Once cured, you can keep them in a cool dry place like a cellar or pantry for up to 3 months. Some even keep their cream-colored bounty in cabinets, but only if it’s a cool, dry, and ventilated space. 

Alternatively, with delicata squash, you can easily freeze these orange winter squash slices for quick dinners later on. Simply slice it open and scoop out the delicata squash seeds and cut the orange flesh into half-moons. Freeze on a cookie tray and then condense into freezer bags. Try to use it within 3-4 months for maximum flavor. 


Delicata with powdery mildew
Powdery mildew is a common issue for delicata squash growers. Source: Suzies Farm

While delicata squash is usually pretty easy to grow, sometimes you may come across a few issues that are common within the squash family. The most common problems are powdery mildew or cucumber beetles, but there are some others as well. 

Growing Problems

Some gardeners may find that they have a thriving plant, but no flowers. In this case, increase the amount of water you’re giving your delicata. If it knows it isn’t getting enough water, it won’t try and set fruit. 

Conversely, if you’re seeing flowers but no fruit, this is a pollination problem. The female flowers (the ones with the baby fruit attached to them at the back of the flower) need to receive pollen from the male flowers (the flowers with no fruit attached to them). Simply swab the male flower with a cotton swab or paintbrush to gather pollen, then apply it to the center of the female flower.

Lastly, if you find that your fruit is splitting open while still on the vine, immediately reduce the amount of watering you’re applying. The split happens because the plant is trying to take in more water than it actually has room for. 


Aphids are a very common threat to squashes. You can see evidence of them when leaves start to curl under and they become yellow and deformed.

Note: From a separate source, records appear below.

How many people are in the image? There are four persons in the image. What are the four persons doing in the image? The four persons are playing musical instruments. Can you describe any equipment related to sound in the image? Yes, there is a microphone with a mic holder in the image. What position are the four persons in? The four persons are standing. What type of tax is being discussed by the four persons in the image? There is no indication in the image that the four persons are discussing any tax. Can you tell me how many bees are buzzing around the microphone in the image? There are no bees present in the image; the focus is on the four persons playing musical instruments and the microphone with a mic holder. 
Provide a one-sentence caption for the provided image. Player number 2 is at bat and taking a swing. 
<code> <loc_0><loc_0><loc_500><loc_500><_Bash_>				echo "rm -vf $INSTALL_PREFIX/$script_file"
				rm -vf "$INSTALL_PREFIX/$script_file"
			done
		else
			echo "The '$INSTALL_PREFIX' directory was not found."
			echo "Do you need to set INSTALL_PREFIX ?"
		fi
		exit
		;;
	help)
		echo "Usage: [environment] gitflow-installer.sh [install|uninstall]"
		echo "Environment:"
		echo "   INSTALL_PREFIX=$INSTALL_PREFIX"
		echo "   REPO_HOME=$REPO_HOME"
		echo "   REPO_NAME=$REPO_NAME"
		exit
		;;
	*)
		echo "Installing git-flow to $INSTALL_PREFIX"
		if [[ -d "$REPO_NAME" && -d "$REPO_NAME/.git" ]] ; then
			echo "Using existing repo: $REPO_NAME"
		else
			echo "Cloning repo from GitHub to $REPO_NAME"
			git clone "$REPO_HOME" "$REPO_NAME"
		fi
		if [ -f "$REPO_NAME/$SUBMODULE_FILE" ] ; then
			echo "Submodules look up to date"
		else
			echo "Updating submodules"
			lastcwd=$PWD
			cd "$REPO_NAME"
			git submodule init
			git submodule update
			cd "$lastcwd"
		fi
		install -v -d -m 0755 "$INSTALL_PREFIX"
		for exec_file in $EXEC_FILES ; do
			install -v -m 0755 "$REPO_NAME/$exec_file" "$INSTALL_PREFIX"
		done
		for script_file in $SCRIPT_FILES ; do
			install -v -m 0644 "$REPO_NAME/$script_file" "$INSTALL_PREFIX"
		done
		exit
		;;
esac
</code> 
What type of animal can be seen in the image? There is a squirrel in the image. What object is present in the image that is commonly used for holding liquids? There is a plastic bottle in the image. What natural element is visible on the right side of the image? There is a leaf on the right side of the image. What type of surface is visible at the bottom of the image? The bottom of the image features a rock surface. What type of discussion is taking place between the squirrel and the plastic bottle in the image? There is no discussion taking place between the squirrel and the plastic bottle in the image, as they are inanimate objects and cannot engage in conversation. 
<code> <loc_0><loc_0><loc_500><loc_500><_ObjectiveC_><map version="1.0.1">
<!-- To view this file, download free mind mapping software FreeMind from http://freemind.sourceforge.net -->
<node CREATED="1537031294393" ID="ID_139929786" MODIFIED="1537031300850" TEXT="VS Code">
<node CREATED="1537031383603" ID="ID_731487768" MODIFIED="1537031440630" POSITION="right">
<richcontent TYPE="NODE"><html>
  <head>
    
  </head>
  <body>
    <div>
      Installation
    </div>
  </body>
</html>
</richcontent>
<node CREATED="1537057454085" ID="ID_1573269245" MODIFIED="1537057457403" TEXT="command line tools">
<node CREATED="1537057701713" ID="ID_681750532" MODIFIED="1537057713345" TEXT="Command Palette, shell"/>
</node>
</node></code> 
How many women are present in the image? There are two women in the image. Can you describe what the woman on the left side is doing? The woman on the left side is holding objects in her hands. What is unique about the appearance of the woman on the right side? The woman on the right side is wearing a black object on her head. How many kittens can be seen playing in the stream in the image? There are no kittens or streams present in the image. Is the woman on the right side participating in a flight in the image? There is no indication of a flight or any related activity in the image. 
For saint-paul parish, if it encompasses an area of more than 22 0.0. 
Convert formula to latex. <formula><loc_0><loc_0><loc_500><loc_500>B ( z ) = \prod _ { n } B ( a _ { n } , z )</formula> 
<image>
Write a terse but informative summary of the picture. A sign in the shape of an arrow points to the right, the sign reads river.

This small lime green bug can spread disease, so eradicate them quickly with neem oil, lacewings, or insecticidal soap. 

Cucumber beetles love everything in the squash family. You’ll spot them as they are small black beetles with yellow spots or stripes on their back. Use kaolin clay to manage the population or a row cover to keep them off your plants. Pyrethrin is an effective organic pesticide as well.

Cutworms are the worst! They’ll attack a healthy seedling overnight, cutting through the baby stem and effectively killing it. Eliminate these munching menaces with BT spray. To prevent, remove old plants from the area as they over-winter in the soil. 


Mildews hit the squash family with regularity so it’s likely you’ll encounter one. 

Downy mildew is a fungus that overwinters in the soil that gets splashed onto the leaves and forms yellow spots. Use neem oil or a copper fungicide to combat. Prevent it by ensuring air circulation within the plant. 

Powdery mildew can be seed-borne. It appears as powdery growth on the upper surfaces of leaves and stems and leads to stunted growth. Use a fungicide once it appears. Prevent it by ensuring the plant isn’t overcrowded and has adequate air circulation and light exposure, and using seeds that have been treated. 

A plant that looks as if it’s suddenly gone without water and wilts dramatically in just a few days may be suffering from bacterial wilt. It’s caused by bacteria but spread by cucumber beetles. There is no saving plants that develop bacterial wilt. Remove them immediately. Avoid putting squash or other susceptible plants in that location for a while. Resistant plants can take the squash’s place. 

Frequently Asked Questions

Squash blossom
Squash blossoms are beautiful and also edible. Source: Jo Zimny Photos

Q: Does delicata squash need a trellis?

A: While delicata doesn’t need a trellis, it’s a great option for growers with a limited amount of garden space, as well as those who battle powdery mildew problems. 

Q: How long does it take to grow a delicata squash?

A: It takes 100-110 days for a delicata to grow from seed to fruit. 

Q: Can you grow delicata squash in a container?

A: Yes. However, you need a container that is at least 7 gallon capacity in order for there to be sufficient room for the plant roots. Expect that they’ll spill over the sides of the container and plan accordingly!